Gamification and G-commerce, gamification of E-commerce, are creating a lot of buzz across the globe. According to M2 Research, a gaming and technology researcher, gamification industry revenues will increase from less than 100 million dollars in 2010 to 1.6 billion dollars by 2015. Google on the other hand has invested recently 100 million dollars in the social gaming company, Zynga, and is planning to launch Google Games in the near future.

 Gamification means using game mechanics for non-game apps and mobile/web sites to increase user participation; however “gamification of your brand” does not mean creating a new Farmville. It is not just about making things more fun or turning them into a game.
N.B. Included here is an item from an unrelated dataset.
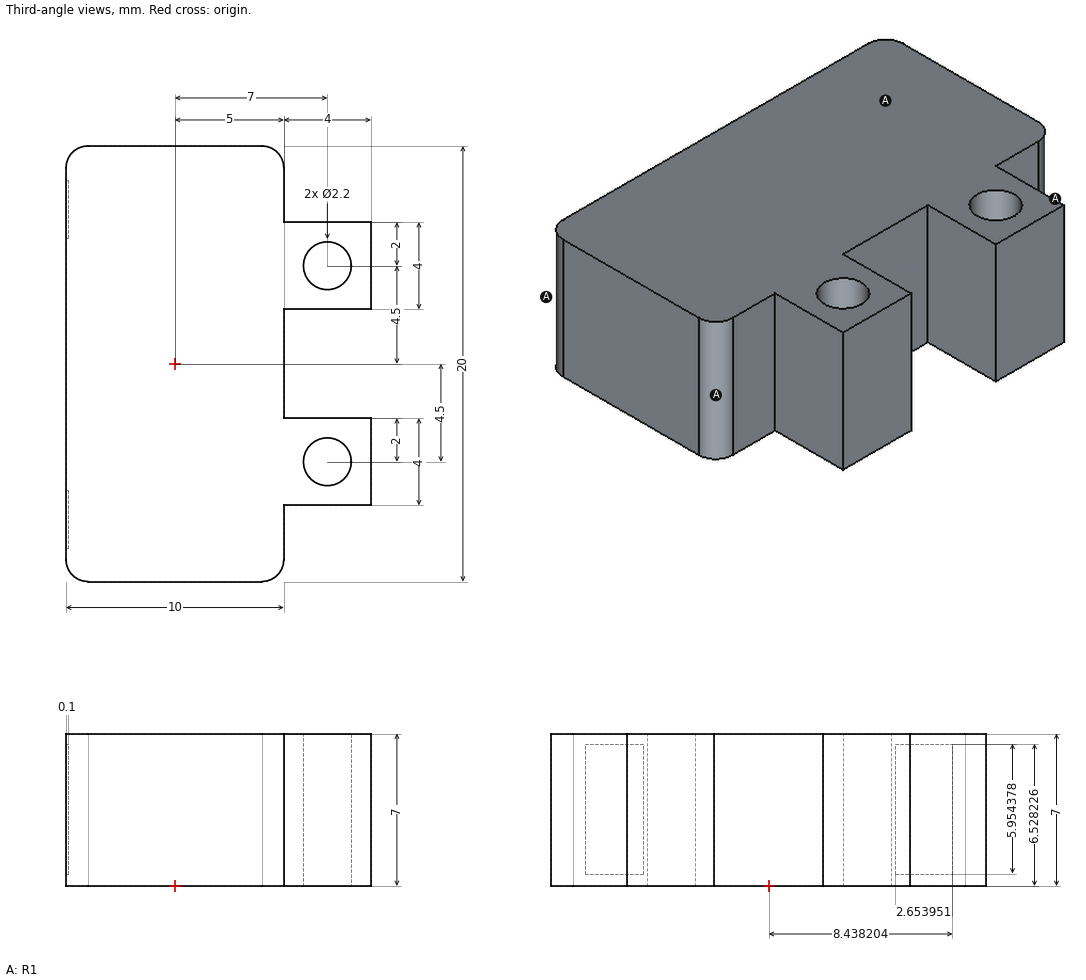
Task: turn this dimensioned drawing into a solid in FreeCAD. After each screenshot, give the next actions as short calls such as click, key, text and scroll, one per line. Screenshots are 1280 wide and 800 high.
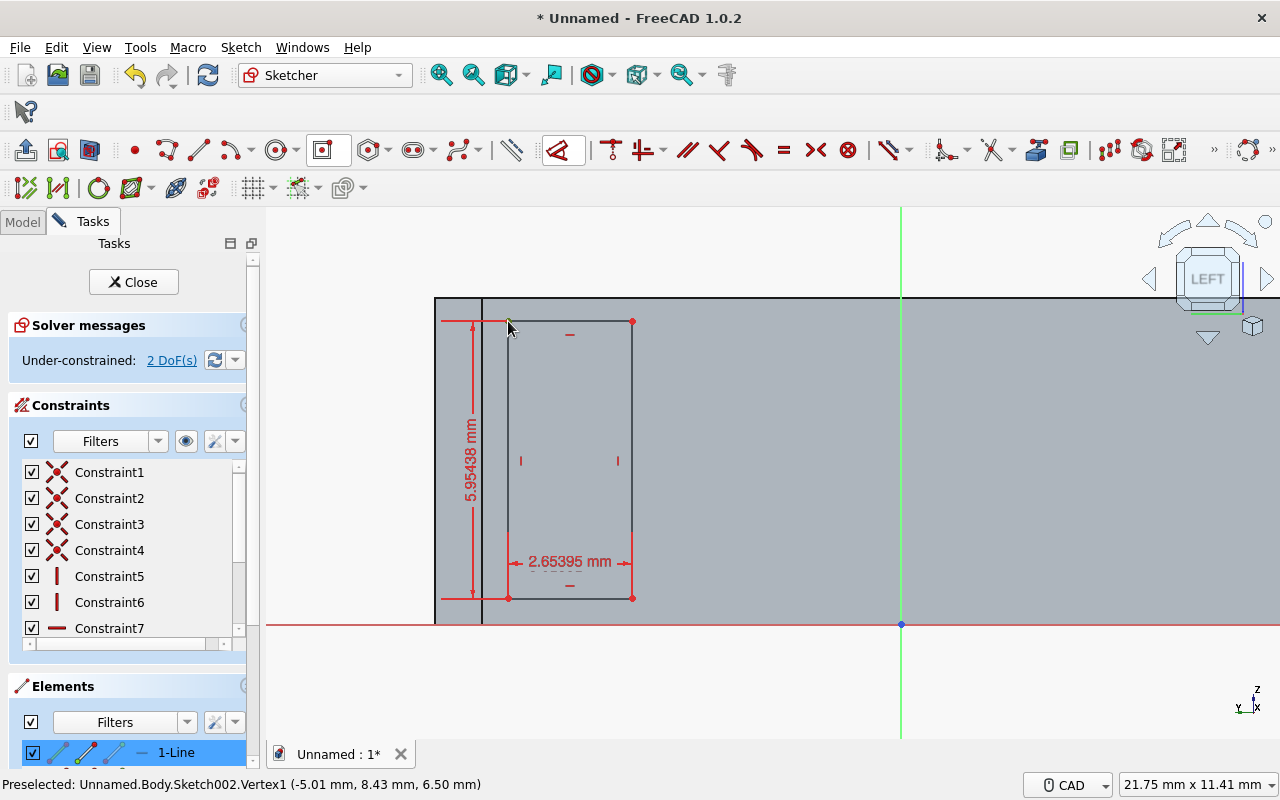
key(l)

It is about motivations, rewards and engagement.

#1 Set up your objectives

Before jumping into gamification, think thoroughly what exactly you want to achieve. Do you want to increase brand awareness, engage users or loyalize your existing consumers?

#2 Do research and get feedback from best customers

Gamification is cool, but it is very easy to get it wrong – especially if you are gamificating an existing service with an established user base. Do research and ask your best customers what motivates them. Some of them might be motivated by physical awards, some of them by social recognition and some of them by accomplishment only. It is important to get it right to avoid negative or lame reaction. If you really are not sure, test first with a small budget gamification project to see the reactions.

#3 Make sure your gamification is aligned with your brand/industry

There are many types of games, rewards, competitions, trophies, progress reports and other ways of recognition. If your “game” has nothing to do with your brand or your industry, it will only confuse people. Also, make sure it is suitable for your audience, since consumer and business customers and different age groups behave very differently.

#4 Use right gaming techniques for your users

Games are thought as fun, but they do not have to be. The point is finding a way to transfer the techniques that make games addictive for users to other things. By understanding what motivates the users and using the right techniques can reward them for doing things that ultimately help you to achieve your aims.

Fiat did this with the award winning eco:Drive. It is a fun, simple customer loyalty scheme where users could use USB sticks to analyse how they drive and receive suggestions for improvement so they could reduce their CO2 emissions and get better fuel economy. Also an online community called ‘ecoVille’ was created that was populated by consumers around the world using the ecoDrive technology.

Another example of this is the Nike Training Club, an app with an own personal trainer, which motivates users with customized work-outs and rewards. After first weeks of launch the app became iTunes App of the Week in the U.S. and reached the no.1 position in iTunes Health and Fitness category.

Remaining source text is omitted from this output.